Re: [PATCH v2 1/4] sched/core: Provide sched_rtmutex() and expose sched work helpers

From: Peter Zijlstra
Date: Wed May 03 2023 - 09:21:20 EST


On Thu, Apr 27, 2023 at 01:19:34PM +0200, Sebastian Andrzej Siewior wrote:
> From: Thomas Gleixner <tglx@xxxxxxxxxxxxx>
>
> schedule() invokes sched_submit_work() before scheduling and
> sched_update_worker() afterwards to ensure that queued block requests are
> flushed and the (IO)worker machineries can instantiate new workers if
> required. This avoids deadlocks and starvation.
>
> With rt_mutexes this can lead to subtle problem:
>
> When rtmutex blocks current::pi_blocked_on points to the rtmutex it
> blocks on. When one of the functions in sched_submit/resume_work()
> contends on a rtmutex based lock then that would corrupt
> current::pi_blocked_on.
>
> Make it possible to let rtmutex issue the calls outside of the slowpath,
> i.e. when it is guaranteed that current::pi_blocked_on is NULL, by:
>
> - Exposing sched_submit_work() and moving the task_running() condition
> into schedule()
>
> - Renamimg sched_update_worker() to sched_resume_work() and exposing it
> too.
>
> - Providing sched_rtmutex() which just does the inner loop of scheduling
> until need_resched() is not longer set. Split out the loop so this does
> not create yet another copy.
>
> Signed-off-by: Thomas Gleixner <tglx@xxxxxxxxxxxxx>
> Signed-off-by: Sebastian Andrzej Siewior <bigeasy@xxxxxxxxxxxxx>

Urgh, so I really don't like this.

The end result is something like:

rt_mutex_lock()
sched_submit_work();
// a nested rt_mutex_lock() here will not clobber
// ->pi_blocked_on because it's not set yet.

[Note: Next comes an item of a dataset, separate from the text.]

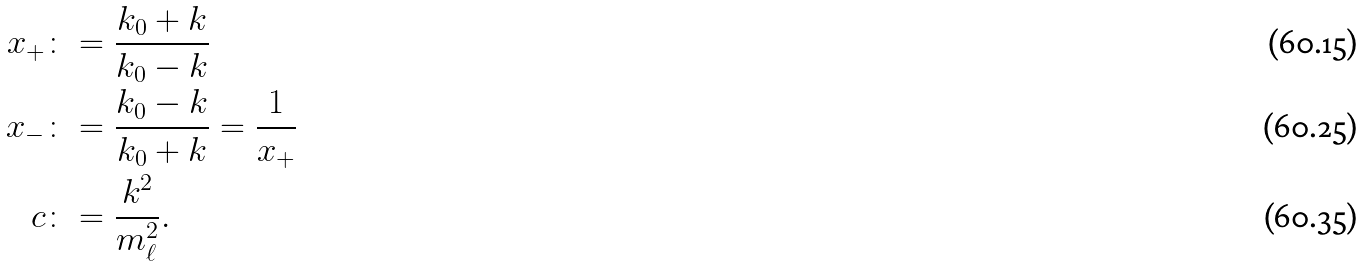Convert formula to latex. <formula><loc_0><loc_0><loc_500><loc_500>x _ { + } & \colon = \frac { k _ { 0 } + k } { k _ { 0 } - k } \\ x _ { - } & \colon = \frac { k _ { 0 } - k } { k _ { 0 } + k } = \frac { 1 } { x _ { + } } \\ c & \colon = \frac { k ^ { 2 } } { m _ { \ell } ^ { 2 } } .</formula>

task_blocks_on_rt_mutex();
tsk->pi_blocked_on = waiter;
rt_mutex_enqueue(lock, waiter); <-- the real problem

rt_mutex_slowlock_block();
schedule_rtmutex();

sched_resume_work();

And all of this it not just because tsk->pi_blocked_on, but mostly
because of task_blocks_on_rt_mutex() enqueueing the waiter. The whole
enqueue thing is what makes the 'simple' solution of saving/restoring
tsk->pi_blocked_on not work.

Basically the pi_blocked_on curruption is a side effect, not the
fundamental issue. One task having two waiters registered is the bigger
issue.

Now, sched_submit_work() could also use (regular) mutex -- after all
it's a fully preemptible context. And then we're subject to the 'same'
problem but with tsk->blocked_on (DEBUG_MUTEXES=y).

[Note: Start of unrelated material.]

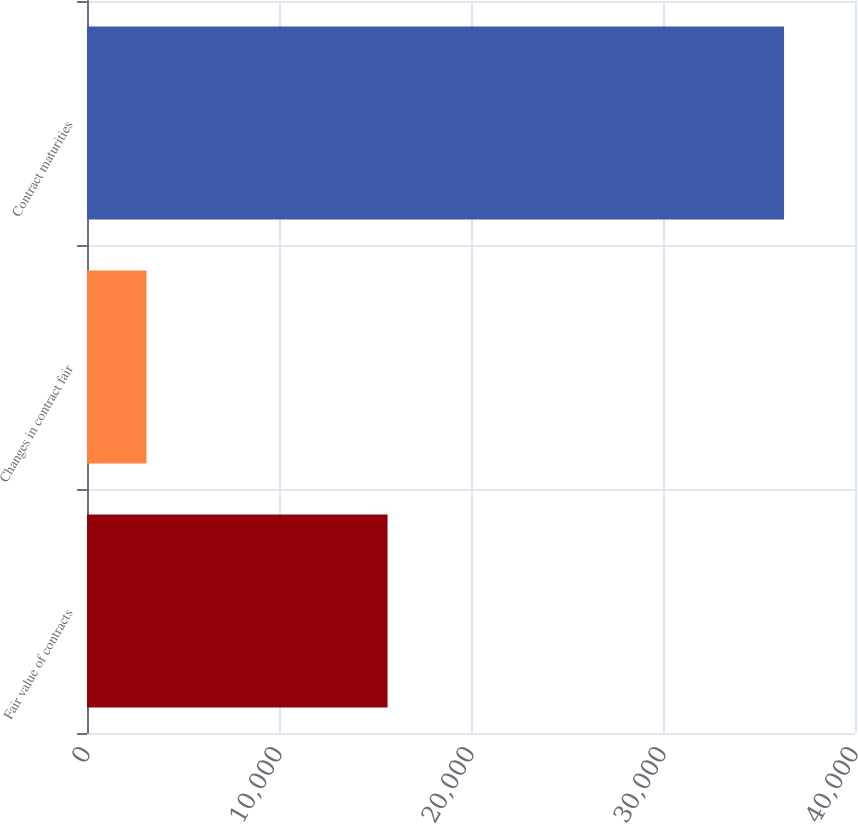Convert chart to OTSL. <chart><loc_0><loc_0><loc_500><loc_500><bar_chart><fcel>Fair value of contracts<fcel>Changes in contract fair<fcel>Contract maturities<nl><fcel>15654<fcel>3098<fcel>36304<nl></chart>

This means that strictly speaking we should litter mutex with the same
thing :/

This all feels fragile to me. Too many things spread out in too many
places. An alternative is something like:

void __sched schedule_pi(void)
{
struct task_struct *tsk = current;
void *waiter = tsk->pi_blocked_on;

sched_submit_work(tsk);
do {
preempt_disable();
if (rt_mutex_blocks(tsk, waiter))
schedule();
sched_preempt_enable_no_resched();
} while (need_resched());
sched_update_worker(tsk);
}

And then rt_mutex_blocks() will do the enqueue/boost/optimistic_spin
thing. However, this is going to be a massive reorg of the rt_mutex code
and I'm not entirely sure the end result will actually be better... it
might just make a mess elsewhere :/

> +void sched_submit_work(void)
> {
> - unsigned int task_flags;
> + struct task_struct *tsk = current;
> + unsigned int task_flags = tsk->flags;
>
> - if (task_is_running(tsk))
> - return;
> -
> - task_flags = tsk->flags;
> /*
> * If a worker goes to sleep, notify and ask workqueue whether it
> * wants to wake up a task to maintain concurrency.
> @@ -6723,8 +6720,10 @@ static inline void sched_submit_work(struct task_struct *tsk)
> blk_flush_plug(tsk->plug, true);
> }

> +asmlinkage __visible void __sched schedule(void)
> +{
> + if (!task_is_running(current))
> + sched_submit_work();
> + schedule_loop(SM_NONE);
> + sched_resume_work();
> }
> EXPORT_SYMBOL(schedule);

pulling out task_is_running() like this is going to get into conflict
with TJs patches here:

https://lkml.kernel.org/r/20230418205159.724789-1-tj@xxxxxxxxxx

That makes sched_submit_work() do things even if task_is_running().